▶ About this exercise: Nothing should differ between your output and the entries below.

▶ The data:
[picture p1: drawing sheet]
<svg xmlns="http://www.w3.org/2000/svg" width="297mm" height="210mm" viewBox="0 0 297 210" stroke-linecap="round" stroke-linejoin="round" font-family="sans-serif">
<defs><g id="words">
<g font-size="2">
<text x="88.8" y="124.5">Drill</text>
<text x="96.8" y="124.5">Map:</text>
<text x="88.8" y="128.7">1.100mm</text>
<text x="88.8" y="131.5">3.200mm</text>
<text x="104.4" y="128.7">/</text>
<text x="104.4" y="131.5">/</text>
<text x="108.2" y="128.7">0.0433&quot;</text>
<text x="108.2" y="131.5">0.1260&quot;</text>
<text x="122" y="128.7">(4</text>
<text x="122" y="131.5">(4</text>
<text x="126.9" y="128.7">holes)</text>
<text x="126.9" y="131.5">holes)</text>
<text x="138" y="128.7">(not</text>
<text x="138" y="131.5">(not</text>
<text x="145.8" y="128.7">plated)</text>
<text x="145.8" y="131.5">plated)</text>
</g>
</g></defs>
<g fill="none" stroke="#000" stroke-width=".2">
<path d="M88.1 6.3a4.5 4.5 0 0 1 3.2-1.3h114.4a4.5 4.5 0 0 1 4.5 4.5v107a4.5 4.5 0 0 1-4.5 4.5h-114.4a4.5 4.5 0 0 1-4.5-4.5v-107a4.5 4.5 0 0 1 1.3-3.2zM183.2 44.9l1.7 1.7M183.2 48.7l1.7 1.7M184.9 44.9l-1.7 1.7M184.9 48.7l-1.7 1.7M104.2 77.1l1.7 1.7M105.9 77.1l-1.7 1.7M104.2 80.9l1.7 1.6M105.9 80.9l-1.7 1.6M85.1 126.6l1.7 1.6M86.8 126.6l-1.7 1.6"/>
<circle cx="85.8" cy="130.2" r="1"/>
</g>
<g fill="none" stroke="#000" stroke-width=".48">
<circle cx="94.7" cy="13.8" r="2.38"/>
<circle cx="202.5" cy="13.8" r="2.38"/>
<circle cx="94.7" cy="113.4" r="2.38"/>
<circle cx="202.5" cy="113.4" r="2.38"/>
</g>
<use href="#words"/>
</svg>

▶ Solution:
[picture p1: drawing sheet]
<svg xmlns="http://www.w3.org/2000/svg" width="297mm" height="210mm" viewBox="0 0 297 210" stroke-linecap="round" stroke-linejoin="round" font-family="sans-serif">
<defs><g id="words">
<g font-size="2">
<text x="88.8" y="124.5">Drill</text>
<text x="96.8" y="124.5">Map:</text>
<text x="88.8" y="128.7">1.100mm</text>
<text x="88.8" y="131.5">3.200mm</text>
<text x="104.4" y="128.7">/</text>
<text x="104.4" y="131.5">/</text>
<text x="108.2" y="128.7">0.0433&quot;</text>
<text x="108.2" y="131.5">0.1260&quot;</text>
<text x="122" y="128.7">(4</text>
<text x="122" y="131.5">(4</text>
<text x="126.9" y="128.7">holes)</text>
<text x="126.9" y="131.5">holes)</text>
<text x="138" y="128.7">(not</text>
<text x="138" y="131.5">(not</text>
<text x="145.8" y="128.7">plated)</text>
<text x="145.8" y="131.5">plated)</text>
</g>
</g></defs>
<g fill="none" stroke="#000" stroke-width=".2">
<path d="M88.1 6.3a4.5 4.5 0 0 1 3.2-1.3h114.4a4.5 4.5 0 0 1 4.5 4.5v107a4.5 4.5 0 0 1-4.5 4.5h-114.4a4.5 4.5 0 0 1-4.5-4.5v-107a4.5 4.5 0 0 1 1.3-3.2zM183.2 44.9l1.7 1.7M183.2 48.7l1.7 1.7M184.9 44.9l-1.7 1.7M184.9 48.7l-1.7 1.7M104.2 77.1l1.7 1.7M105.9 77.1l-1.7 1.7M104.2 80.9l1.7 1.6M105.9 80.9l-1.7 1.6M85.1 126.6l1.7 1.6M86.8 126.6l-1.7 1.6"/>
<circle cx="85.8" cy="130.2" r="1"/>
</g>
<g fill="none" stroke="#000" stroke-width=".48">
<circle cx="94.7" cy="13.8" r="2.38"/>
<circle cx="202.5" cy="13.8" r="2.38"/>
<circle cx="94.7" cy="113.4" r="2.38"/>
<circle cx="202.5" cy="113.4" r="2.38"/>
</g>
<use href="#words"/>
</svg>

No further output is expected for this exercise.